Rather than tracking the audience, this time it was the dancers; the first time five were measured simultaneously (Vangeline brings a solo version, minus EEG, to the Bowes Museum in Barnard Castle on 23 November). Navigating the practicalities was half the challenge; the fact that sweat can interfere with the connections, and how to wear the hardware safely. “Every single thing on our head was worth $150,000,” says Vangeline. “It was like, Don’t break it!” The data is still being cleaned (a huge task, to remove eye blinks and head movements), but as it happened, they were able to show synchrony between the dancers in real time. “You might have a feeling that you’re connected to someone,” says scientist Sadye Paez, who collaborated on the study, “but we can show that this magic actually happens.”
Once the results are complete – a frustratingly slow process – Vangeline is keen to expand the research. She would like to work with aged butoh masters in Japan. “It would be amazing to have an archive of the brains of our teachers, for future generations,” she says. But as well as artistic curiosity, she is interested in the health applications of this research, the possibility of using butoh to “calm the nervous system of a really hyper-excited, over-stressed society”. After teaching and working with people with PTSD for 22 years, she says, “it’s clear to me that there are huge healing benefits”.
When Orgs says, “I really want to showcase the power of dance,” he means both in an aesthetic sense and also for well-being. One area where there is promising progress, for example, is dance interventions for people with Parkinson’s. “And there are a number of studies showing that dance is more powerful than exercise and medication in alleviating depressive symptoms,” says Orgs. The trend in science, he adds, is to research simpler things like walking or running, because they are easily controlled. “But these are not the most powerful interventions, so there is a need to better understand the complexity through projects like this.”
There is so much more to learn. “Even though the technology is so advanced, it’s still only able to access a fraction of what we actually experience,” says Sperling. Paez notes: “If we can’t describe dance with the help of science, that’s an indication to me that science is the problem.
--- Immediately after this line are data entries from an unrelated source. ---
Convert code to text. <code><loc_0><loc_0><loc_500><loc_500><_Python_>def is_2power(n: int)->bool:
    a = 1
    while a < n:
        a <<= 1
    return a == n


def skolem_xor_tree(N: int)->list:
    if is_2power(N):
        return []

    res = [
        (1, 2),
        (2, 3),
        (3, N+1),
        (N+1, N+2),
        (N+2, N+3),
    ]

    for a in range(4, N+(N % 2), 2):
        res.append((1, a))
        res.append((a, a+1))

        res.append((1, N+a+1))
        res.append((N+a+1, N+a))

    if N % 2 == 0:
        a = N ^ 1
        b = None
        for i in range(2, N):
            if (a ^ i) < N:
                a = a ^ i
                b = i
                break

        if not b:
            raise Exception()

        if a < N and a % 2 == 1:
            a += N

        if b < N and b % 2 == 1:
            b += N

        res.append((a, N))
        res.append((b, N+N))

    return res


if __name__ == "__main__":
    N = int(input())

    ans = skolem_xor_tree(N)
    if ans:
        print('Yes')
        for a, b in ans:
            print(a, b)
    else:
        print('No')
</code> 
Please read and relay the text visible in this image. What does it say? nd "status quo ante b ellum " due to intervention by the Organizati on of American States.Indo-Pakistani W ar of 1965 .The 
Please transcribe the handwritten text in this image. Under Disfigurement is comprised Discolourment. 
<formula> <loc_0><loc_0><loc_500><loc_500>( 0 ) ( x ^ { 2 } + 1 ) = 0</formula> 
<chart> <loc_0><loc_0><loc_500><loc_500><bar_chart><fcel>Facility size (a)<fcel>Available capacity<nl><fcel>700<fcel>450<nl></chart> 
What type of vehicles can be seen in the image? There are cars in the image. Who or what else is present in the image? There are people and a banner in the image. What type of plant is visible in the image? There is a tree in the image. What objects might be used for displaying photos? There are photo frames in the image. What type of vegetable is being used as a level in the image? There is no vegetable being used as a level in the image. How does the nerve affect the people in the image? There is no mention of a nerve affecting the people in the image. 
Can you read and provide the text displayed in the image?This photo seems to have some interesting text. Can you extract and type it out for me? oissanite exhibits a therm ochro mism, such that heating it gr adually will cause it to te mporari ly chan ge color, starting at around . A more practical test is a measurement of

There are different ways of knowing, and just because we can’t describe it using the scientific method doesn’t mean it isn’t a valid truth. We just haven’t developed the technology or methods to do it.”
The final Neurolive show, which takes place this month, is a piece by Sperling called Readings from What Was Never Written. It is based on the idea of ”reading”, in both the scientific sense and the more magical sense, such as reading palms or tarot cards. Sperling isn’t advocating tarot over science, but he sees how certain kinds of knowledge—rationality, logic, language—are valued, and hopes that this project will show that dancers have different kinds of embodied intelligence and intuition that can be fair. so exactly
As someone who writes about dance for a living, I know the feeling of revelation when you watch a performance and things suddenly seem to fall into place, their secrets materialize. And I also know the struggle of putting it into words after the show. The “knowing” can happen in the moment; it’s something you sense, which bypasses language. I would like to see how that process plays out in my brain. Handy, neuroscience is on the case.
Readings from What Was Never Written is at Siobhan Davies Studios, London, 7 to 9 November, as part of Neurolive.